PROBLEM STATEMENT -
Consider the listing below. Extract exactly the lines from the line containing "- train or tram section [65,597,162,651]" to the line containing "- car [1115,614,1550,796]", both included.
[[ PROVIDED ENTRIES open ]]
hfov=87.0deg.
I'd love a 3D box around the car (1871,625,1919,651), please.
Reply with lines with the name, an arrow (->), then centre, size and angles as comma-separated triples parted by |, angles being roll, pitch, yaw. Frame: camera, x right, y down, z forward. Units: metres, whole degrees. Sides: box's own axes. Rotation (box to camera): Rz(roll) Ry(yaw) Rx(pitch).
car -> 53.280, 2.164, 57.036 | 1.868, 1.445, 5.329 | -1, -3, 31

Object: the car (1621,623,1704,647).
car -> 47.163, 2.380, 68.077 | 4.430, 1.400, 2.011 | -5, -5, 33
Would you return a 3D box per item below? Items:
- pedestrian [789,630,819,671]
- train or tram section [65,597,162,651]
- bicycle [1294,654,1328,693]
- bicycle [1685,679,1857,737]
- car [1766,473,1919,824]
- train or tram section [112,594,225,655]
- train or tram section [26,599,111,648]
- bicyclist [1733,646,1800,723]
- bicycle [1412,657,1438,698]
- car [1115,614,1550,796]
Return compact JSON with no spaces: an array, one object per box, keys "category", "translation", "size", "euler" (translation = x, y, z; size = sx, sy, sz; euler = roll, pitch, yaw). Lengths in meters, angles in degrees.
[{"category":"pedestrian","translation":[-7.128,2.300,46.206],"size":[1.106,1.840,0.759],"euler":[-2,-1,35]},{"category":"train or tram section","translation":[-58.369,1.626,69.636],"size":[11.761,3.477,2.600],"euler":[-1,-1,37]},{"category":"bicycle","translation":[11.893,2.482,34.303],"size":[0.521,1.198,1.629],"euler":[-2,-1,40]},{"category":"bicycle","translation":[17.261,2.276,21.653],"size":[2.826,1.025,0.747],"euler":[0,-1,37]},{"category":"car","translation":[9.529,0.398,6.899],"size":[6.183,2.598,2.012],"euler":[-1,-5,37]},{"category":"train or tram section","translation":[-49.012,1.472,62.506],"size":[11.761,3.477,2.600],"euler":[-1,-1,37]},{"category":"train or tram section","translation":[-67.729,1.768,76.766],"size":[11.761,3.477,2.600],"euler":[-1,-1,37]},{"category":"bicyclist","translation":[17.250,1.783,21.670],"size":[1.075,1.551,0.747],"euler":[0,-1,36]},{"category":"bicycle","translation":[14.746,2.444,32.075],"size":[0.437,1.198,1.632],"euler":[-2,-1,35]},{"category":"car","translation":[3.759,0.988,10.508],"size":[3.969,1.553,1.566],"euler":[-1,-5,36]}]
[[ PROVIDED ENTRIES closed ]]
TASK OUTPUT -
- train or tram section [65,597,162,651]
- bicycle [1294,654,1328,693]
- bicycle [1685,679,1857,737]
- car [1766,473,1919,824]
- train or tram section [112,594,225,655]
- train or tram section [26,599,111,648]
- bicyclist [1733,646,1800,723]
- bicycle [1412,657,1438,698]
- car [1115,614,1550,796]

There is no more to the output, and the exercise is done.